Освещенные витрины яркими квадратами ложатся на заснеженную мостовую. Извозчики стрелой проскакивают по ней вверх-вниз, вверх-вниз. Зимой ездят в санях, а по весне, когда снег стает, появляются экипажи на «дутых шинах». Сани узкие, высокие, на лошадях попоны, на облучке, с взбитыми ватой темно-синими задами, перепоясанные красными кушаками, — лихачи.
— Эй, берегись! Поди! — слышатся их зычные окрики.
— Извозчик, на Плющиху! Двугривенный…
— Маловато, сударь… Однако пожалте.
— В Английский клуб, быстро!..
— Мигом, барин! Э‑э, пшел!!!
Искрятся снежинки вокруг фонарей, и снежная пыль из-под копыт, и электрические лампочки в окнах магазинов, и женский смех, вырывающийся из веселого разговора на тротуаре. С четырех до пяти — заветный час прогулки. Так принято, так надо, и не спрашивайте — зачем. Кузнецкий заполняется актерами в шубах с бобровыми воротниками, изящно-небрежными художниками, импозантными {130} профессорами с палками, молодыми лицеистами и элегантными дамами. Все знают друг друга, обмениваются приветствиями, шутками. И пусть покажется смешно, но не скрою, что празднично билось сердце, когда, с фиалками в руках — мне их вечно дарили по соответствию с именем, — я веселым кивком и улыбкой отвечала на поклоны знакомых, гордая тем, что тоже уже большая, к тому же артистка. В общем, Кузнецкий мост зимой был таким же удовольствием, как гастрольные города — летом. И стоит мне только представить себе эту шумную, нарядную улицу, как в памяти возникает недолгая печальная дружба с юным артистом Художественного театра Аполлоном Горевым.
Он был талантлив, покорил Москву своим Хлестаковым, репетировал Смердякова, которого не сыграл, — тогда уже заболел туберкулезом. Внешне это был действительно Аполлон — на редкость красивый, хрупкий, по-мальчишески шаловливый. Он не блистал умом, но все его любили за доброту, открытость, прочили карьеру большого комедийного артиста, жалели и общими силами отправили лечиться за границу. Мы познакомились, когда он вернулся и считался выздоровевшим. Ходил по Кузнецкому в шикарно распахнутой шубе, иногда говорил невзначай, что у него высокая температура. Вероятно, так и было — вскоре он слег и прислал записочку с просьбой навестить. Несколько раз мы навещали его в меблированных номерах «Россия», где он занимал большую неуютную комнату, сплошь увешанную пожелтевшими афишами, засохшими лавровыми венками, выцветшими бенефисными лентами, пропыленными телеграммами — трофеями его отца, известного артиста Федора Горева.

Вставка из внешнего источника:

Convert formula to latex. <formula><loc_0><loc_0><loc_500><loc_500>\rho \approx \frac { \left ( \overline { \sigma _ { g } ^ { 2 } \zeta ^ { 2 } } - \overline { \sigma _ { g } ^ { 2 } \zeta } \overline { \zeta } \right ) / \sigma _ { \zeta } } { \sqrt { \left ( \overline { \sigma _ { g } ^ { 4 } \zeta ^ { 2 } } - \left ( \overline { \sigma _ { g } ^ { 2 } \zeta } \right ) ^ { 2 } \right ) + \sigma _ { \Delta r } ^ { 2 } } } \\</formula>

Перехватывая чей-нибудь недоуменный взгляд, Аполлон пояснял с подкупающей улыбкой.
— Ну что особенного, это все папино, а можно подумать, что и мое, — Гореву и Гореву, не разберешься которому.

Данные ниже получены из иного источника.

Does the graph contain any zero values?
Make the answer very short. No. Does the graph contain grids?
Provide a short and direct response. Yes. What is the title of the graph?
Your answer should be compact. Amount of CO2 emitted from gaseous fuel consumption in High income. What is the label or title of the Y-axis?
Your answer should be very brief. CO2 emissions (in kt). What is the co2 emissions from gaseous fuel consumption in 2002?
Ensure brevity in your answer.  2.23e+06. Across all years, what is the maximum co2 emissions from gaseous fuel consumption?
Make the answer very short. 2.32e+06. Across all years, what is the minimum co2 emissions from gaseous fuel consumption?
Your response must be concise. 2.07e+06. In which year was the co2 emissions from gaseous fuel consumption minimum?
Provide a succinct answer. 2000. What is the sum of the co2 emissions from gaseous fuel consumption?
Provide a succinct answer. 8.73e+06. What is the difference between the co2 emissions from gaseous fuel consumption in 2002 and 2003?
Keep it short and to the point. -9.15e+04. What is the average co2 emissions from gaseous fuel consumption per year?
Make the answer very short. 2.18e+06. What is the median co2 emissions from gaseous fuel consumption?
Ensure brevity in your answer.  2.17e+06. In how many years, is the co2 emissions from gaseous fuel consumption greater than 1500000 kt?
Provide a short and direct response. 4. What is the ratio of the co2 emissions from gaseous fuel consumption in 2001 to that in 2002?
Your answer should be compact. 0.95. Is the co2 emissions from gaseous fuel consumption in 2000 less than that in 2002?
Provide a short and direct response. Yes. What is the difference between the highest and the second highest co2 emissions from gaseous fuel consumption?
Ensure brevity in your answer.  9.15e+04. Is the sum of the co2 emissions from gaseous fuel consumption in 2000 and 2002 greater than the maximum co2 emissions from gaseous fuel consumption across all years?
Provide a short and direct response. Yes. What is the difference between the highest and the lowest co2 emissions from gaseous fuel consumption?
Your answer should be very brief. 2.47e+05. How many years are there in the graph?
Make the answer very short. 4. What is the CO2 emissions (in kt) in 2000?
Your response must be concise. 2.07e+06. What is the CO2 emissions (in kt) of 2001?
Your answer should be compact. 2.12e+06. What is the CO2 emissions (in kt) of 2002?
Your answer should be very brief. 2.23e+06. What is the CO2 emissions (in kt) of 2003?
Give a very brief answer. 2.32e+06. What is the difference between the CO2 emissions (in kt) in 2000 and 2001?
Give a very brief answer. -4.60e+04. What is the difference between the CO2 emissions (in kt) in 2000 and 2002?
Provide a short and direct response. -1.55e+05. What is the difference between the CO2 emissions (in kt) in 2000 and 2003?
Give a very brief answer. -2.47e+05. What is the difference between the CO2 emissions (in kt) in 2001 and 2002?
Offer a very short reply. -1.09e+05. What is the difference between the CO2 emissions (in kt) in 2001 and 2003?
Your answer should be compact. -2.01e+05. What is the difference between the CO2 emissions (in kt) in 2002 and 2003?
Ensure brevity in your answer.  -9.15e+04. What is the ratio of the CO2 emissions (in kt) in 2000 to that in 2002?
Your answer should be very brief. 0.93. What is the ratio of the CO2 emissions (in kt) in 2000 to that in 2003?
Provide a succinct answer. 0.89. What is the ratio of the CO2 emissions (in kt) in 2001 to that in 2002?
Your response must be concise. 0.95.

Лежа в картинной позе на диване, он рассказывал, как влюблена в него хозяйка соседних комнат, кто, как и за что его хвалит. Безобидное хвастовство не раздражало — ни пошлости, ни наглости не было в этом благодушном мальчике. А когда мы говорили о театре, из его светлых глаз текли слезы, он утирал их простыней, приговаривая: «Вот ведь какой насморк — дышать не могу». Всхлипывал, делая вид, будто напевает, мурлычет что-то. А потом заходился в приступе кашля. Его снова отправили за {131} границу — там он вскоре умер. Похоронили его в Москве. Станиславский присутствовал на панихиде, поехал на Ваганьковское кладбище; на свои деньги учредил для больных артистов койку памяти Аполлона Горева в туберкулезном санатории. Ему было двадцать с небольшим, и не успел он сделать почти ничего из того, что мог. А мне до сих пор он помнится и видится залетной птичкой — побыл с нами и улетел.
После этой грустной истории, пересекшей веселый рассказ, хочу сказать, что Кузнецкий обладал еще одной привлекательной силой — книжными магазинами. У длинного приветливого Вольфа можно было заказать все — антикварные книги, последние издания, журналы. В маленькой, «домашней» лавке Готье продавалась литература на иностранных языках. Нас с отцом там пускали за прилавок, и я шарила по полкам, наслаждаясь таким любимым с детства запахом бумаги, клея и особой, книжной пыли.